Attempt to Rein In FPL and Progress Energy’s Ghost Construction Fees Evaporates
FlaglerLive | May 2, 2013
Enthusiasm may have dimmed for a bill to rein in the construction fees that power companies may charge customers for nuclear power plants well before those plants are built (if they are ever built), but not enough to shut down the effort.
In 2006, under pressure from the utility industry, the Legislature passed a bill–and then-Gov. Charlie Crist signed it–enabling power companies to charge customers for expected construction costs of nuclear power plants, or upgrades. Progress Energy and Florida Power and Light (FPL) have both added such itemized charges on customers’ bills every year. FPL services most of Flagler County. Both companies are planning upgrades and construction of nuclear power plants. But the charges for nuclear-power construction have been controversial.
In 2013, FPL and Progress Energy are collecting nearly $300 million from customers through such fees.
Sen. John Legg, R-Lutz, said he would have preferred the measure (SB 1472) now returning to the Senate to have retained the possibility customers could get a refund when future plant plans are scuttled. However, the review benchmarks now in place may be enough to advance the bill, he said.
“This late in the session, seeing the situation over in the House, there are a lot of good provisions, like the various trigger mechanisms to review it,” said Legg, who has carried the bill for the Tampa Bay-area senators backing the measure.
“Sometimes a half a loaf is better than no loaf at all,” he added. “While I’d like to see that refund mechanism stay in there, it may be too late to send something back.”
The House, in the midst of a delaying tactic by Democrats pushing for a health-care bill, voted 104-12 to approve their amended version of the Senate bill on Wednesday.
Democrats in the House, meanwhile, denied that their tactics would prevent any bill from being heard, saying they’d work late into the night, if necessary, to hear more bills.
The changes in the nuclear cost bill establish a series of benchmarks for a utility seeking to build a nuclear power plant to follow in order to impose pre-construction fees. But the amendment also removed a provision that would have required the companies to refund money if they halted their plans.
A group of Tampa Bay-area legislators initially proposed the legislation to target the 2006 law that has allowed power companies to impose fees for plants they intend to build as projects advance through the state and federal regulatory process.
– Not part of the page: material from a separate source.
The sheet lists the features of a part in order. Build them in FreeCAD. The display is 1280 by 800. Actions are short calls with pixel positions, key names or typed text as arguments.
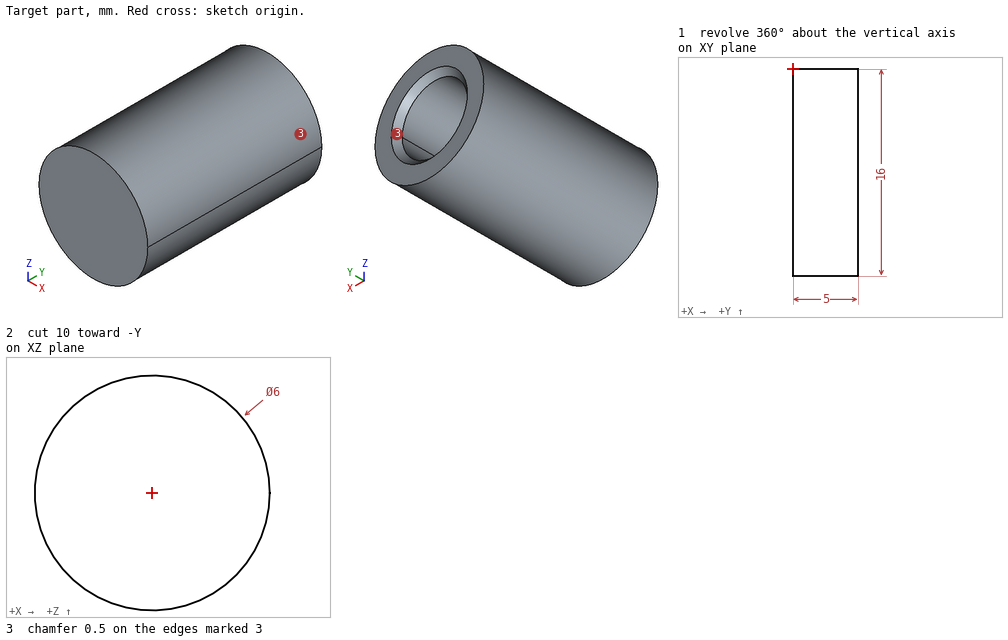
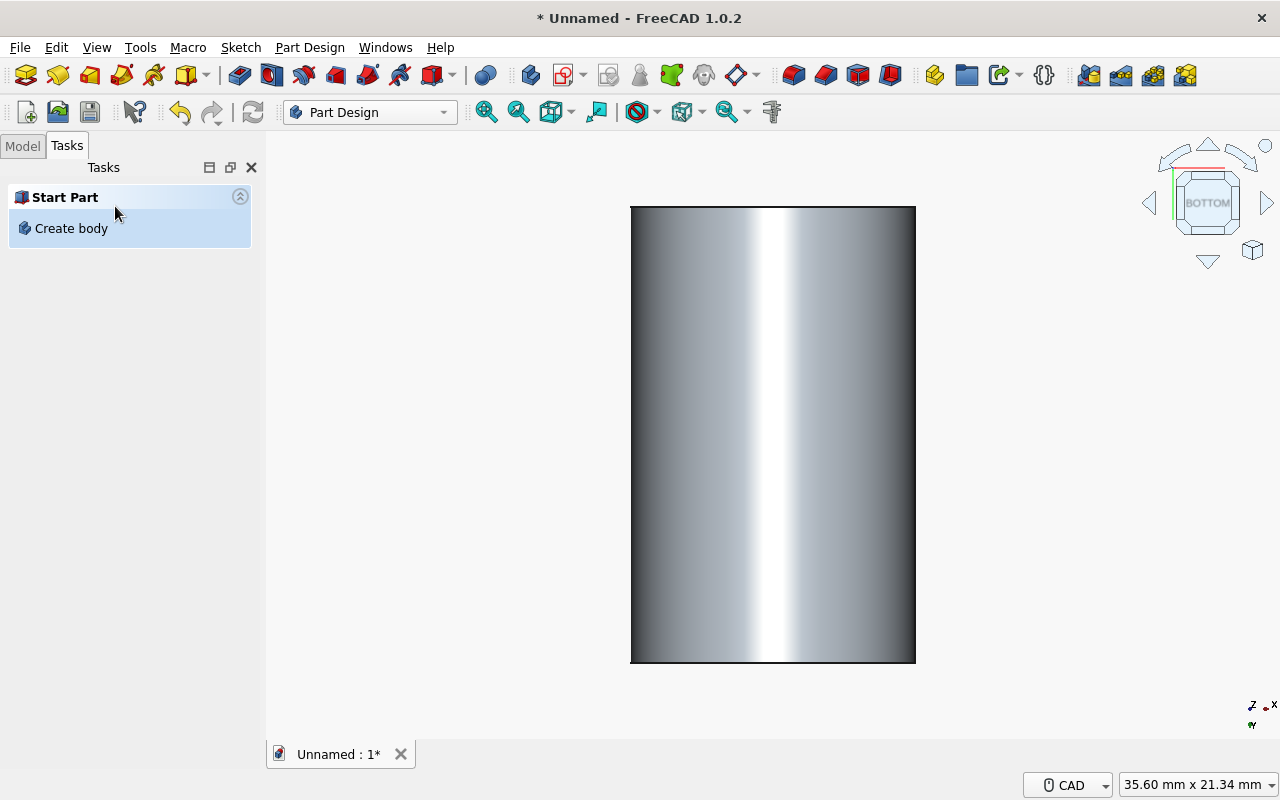
key(4)

Rep. Mike Fasano, R-New Port Richey, argued the change won’t help rate payers. “What it does is it protect the (power) companies of this state,” he declared.
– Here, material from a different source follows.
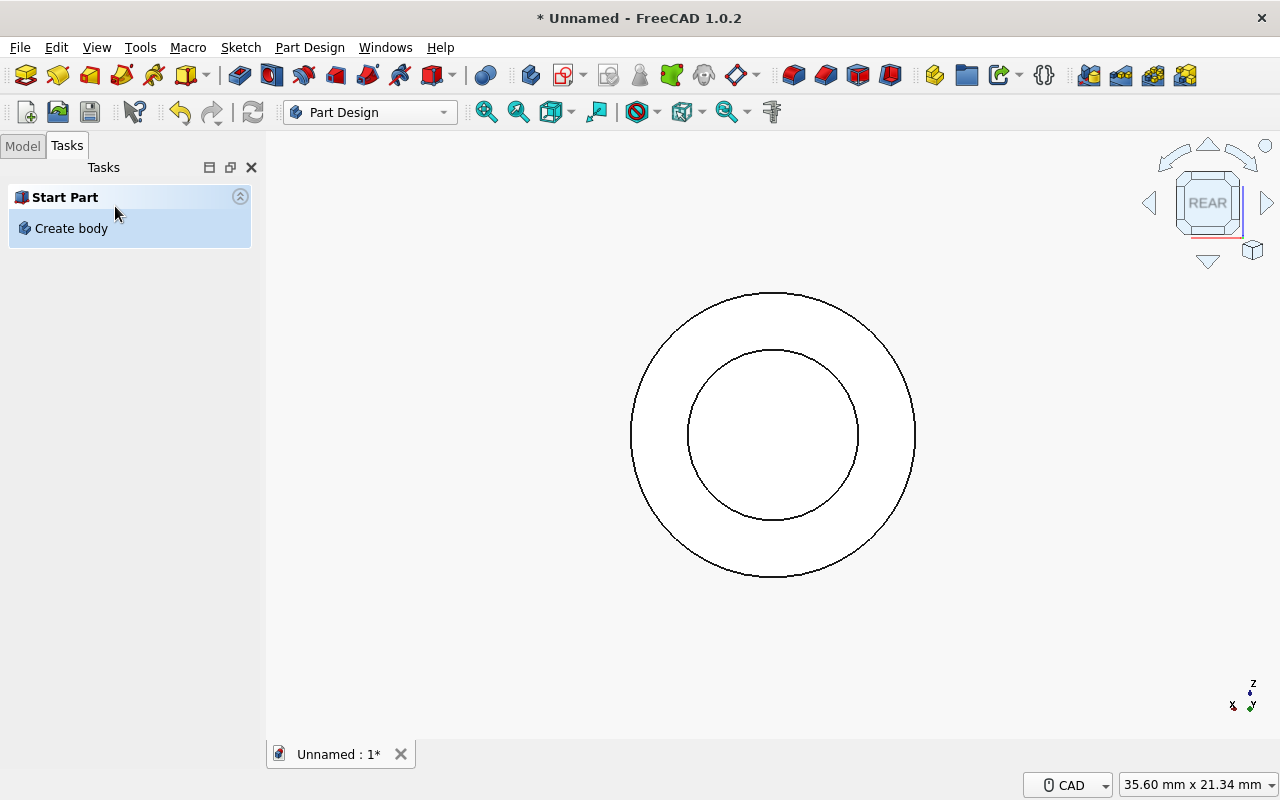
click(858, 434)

Energy companies continue to oppose the proposals even with the House change.
Progress Energy Florida is proceeding with plans to build new reactors in Levy County. Florida Power & Light has proposed a project in Miami-Dade County and has noted the 2006 law has helped it complete upgrades to existing nuclear plants that will provide long-term savings for customers. In both cases, original cost projections have continuously been revised significantly upward.
Rep. Jose Felix Diaz, R-Miami, who sponsored the House proposal, said the review process now “has teeth.”
“It makes the energy companies prove that their product is still feasible and reasonable when it comes to cost,” Diaz said.
The process requires the companies to clear set benchmarks over 20 years to impose and maintain the fee. Companies would have to petition the Public Service Commission to impose the fee after a determination of need for a new nuclear power plant is granted. The fee could only cover the cost of obtaining a license while awaiting the license from the Nuclear Regulatory Commission.
Once a license is approved, the company would have to again request the PSC to increase the fees to cover the additional work needed to maintain the license. The PSC, which has looked very favorably on nuclear power and has generally acceded to utility companies’ fee requests (with some decreases), would also have to annually approve materials and equipment purchases that exceed 1 percent of the total project cost. A decade after the license is granted, the PSC would have to determine if the utility remains intent on building the plant.
The pre-construction costs would be halted if the PSC determines the plant isn’t advancing. But there would be no refund to customers. A similar review would come at the 20 year mark.